Nei casi di slittamento categoriale di un verbo, le caratteristiche specifiche della componente complementare rispetto a quella lessicalizzata di default dipendono dall’informazione convenzionalmente associata ad essa: c’è un procedimento specifico che viene solitamente eseguito per rendere bianco un oggetto (facendo uso di vernice), una procedura per ridurre in fette un oggetto (in particolare se si tratta di un oggetto commestibile) o per creare delle incisioni su un oggetto.

Il MANNER che viene lessicalizzato in certi contesti è quello convenzionalmente associato al RESULT registrato di default nell’entrata lessicale.

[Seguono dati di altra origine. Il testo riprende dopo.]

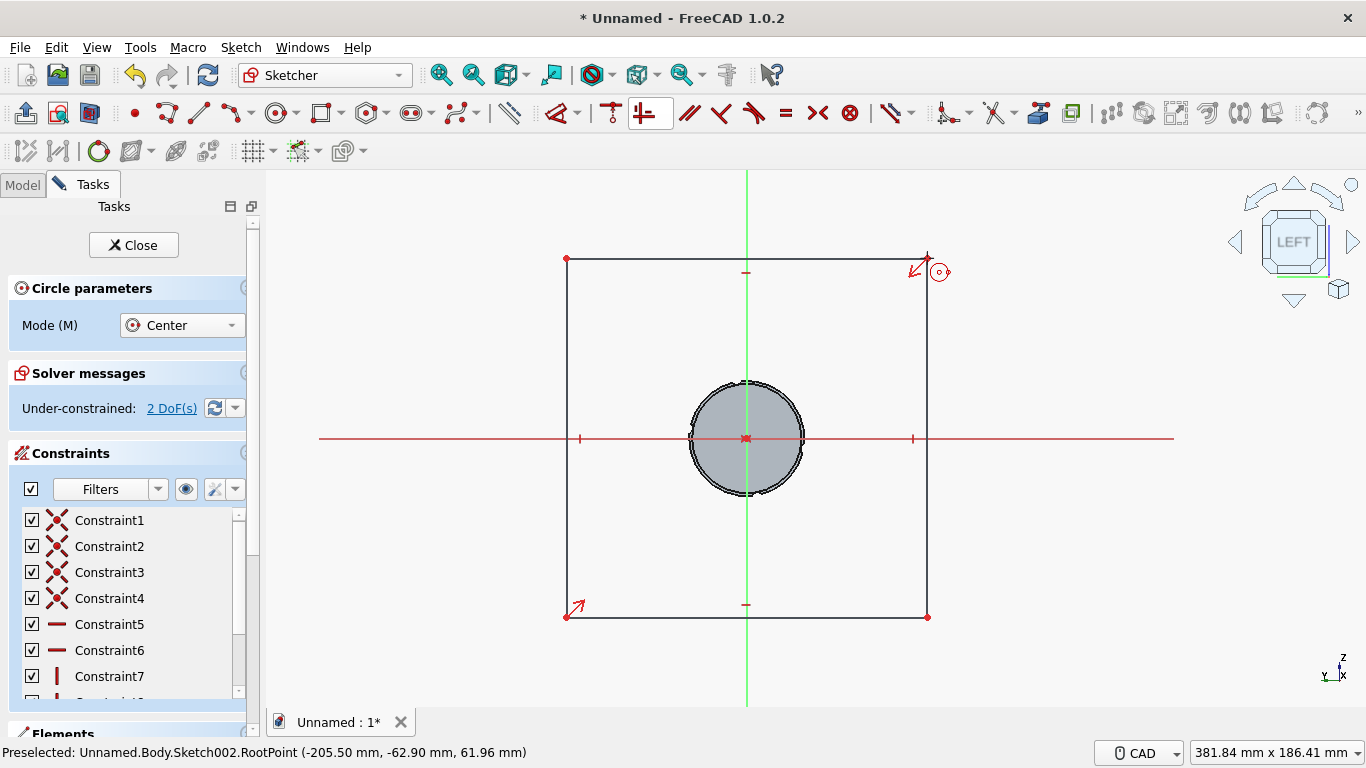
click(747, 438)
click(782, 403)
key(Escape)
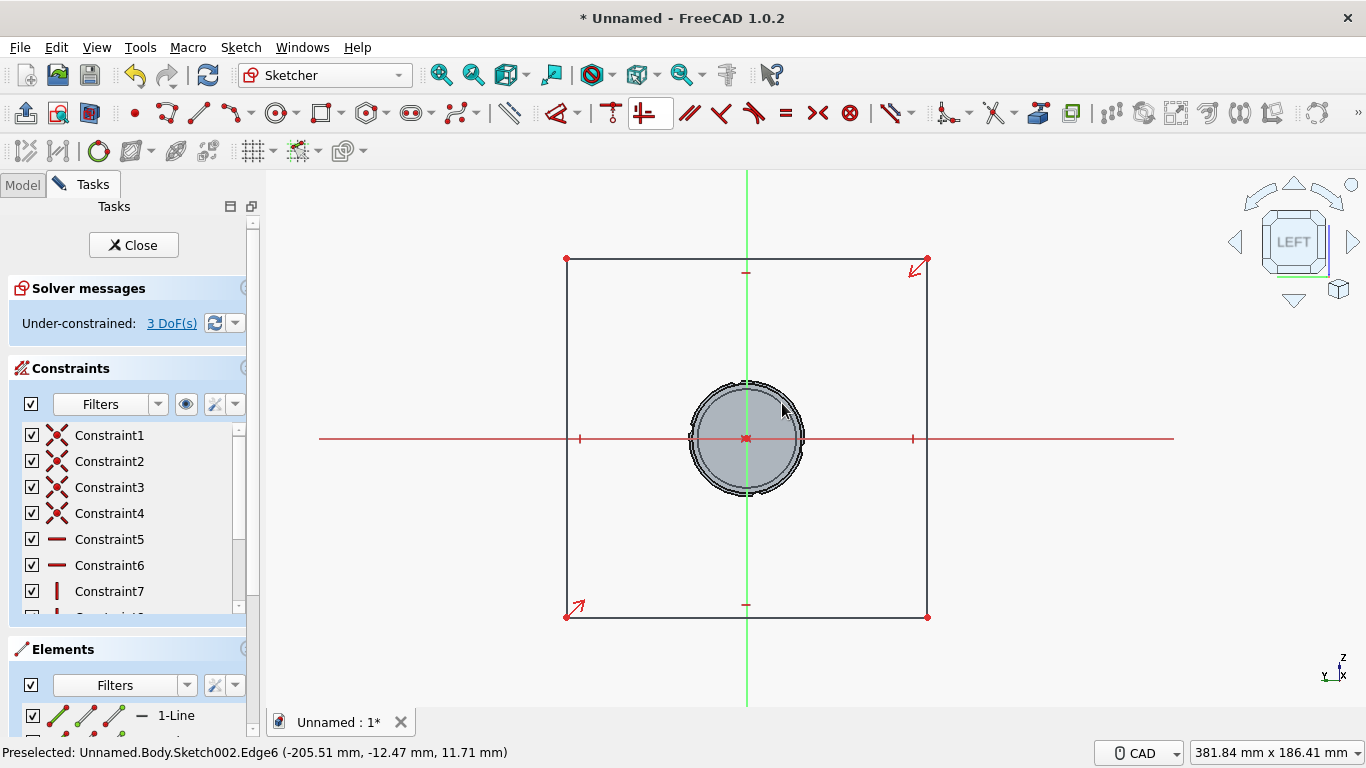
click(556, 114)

Assumendo la prospettiva di Levin e Rappaport Hovav (Rappaport Hovav e Levin, 2008; 2010), fortemente condizionata dalla Manner/Result Complementarity, dovremmo dimostrare che gli usi MANNER di imbiancare, affettare e incidere non implicano alcuno stato risultante: siamo sicuri che in 19), 20) e 21) la nozione

RESULT sia totalmente assente?

L’assenza stessa dell’oggetto diretto e quindi dell’argomento sul quale solitamente gli usi transitivi del verbo producono un mutamento potrebbe, a mio parere erroneamente, far pensare che in questi contesti la nozione di RESULT sia stata cancellata.

In realtà, non solo sosterrò che la componente RESULT sia implicata in 19), 20) e 21) ma anche che un qualche tipo di oggetto possa essere incluso nella rappresentazione semantica dell’enunciato.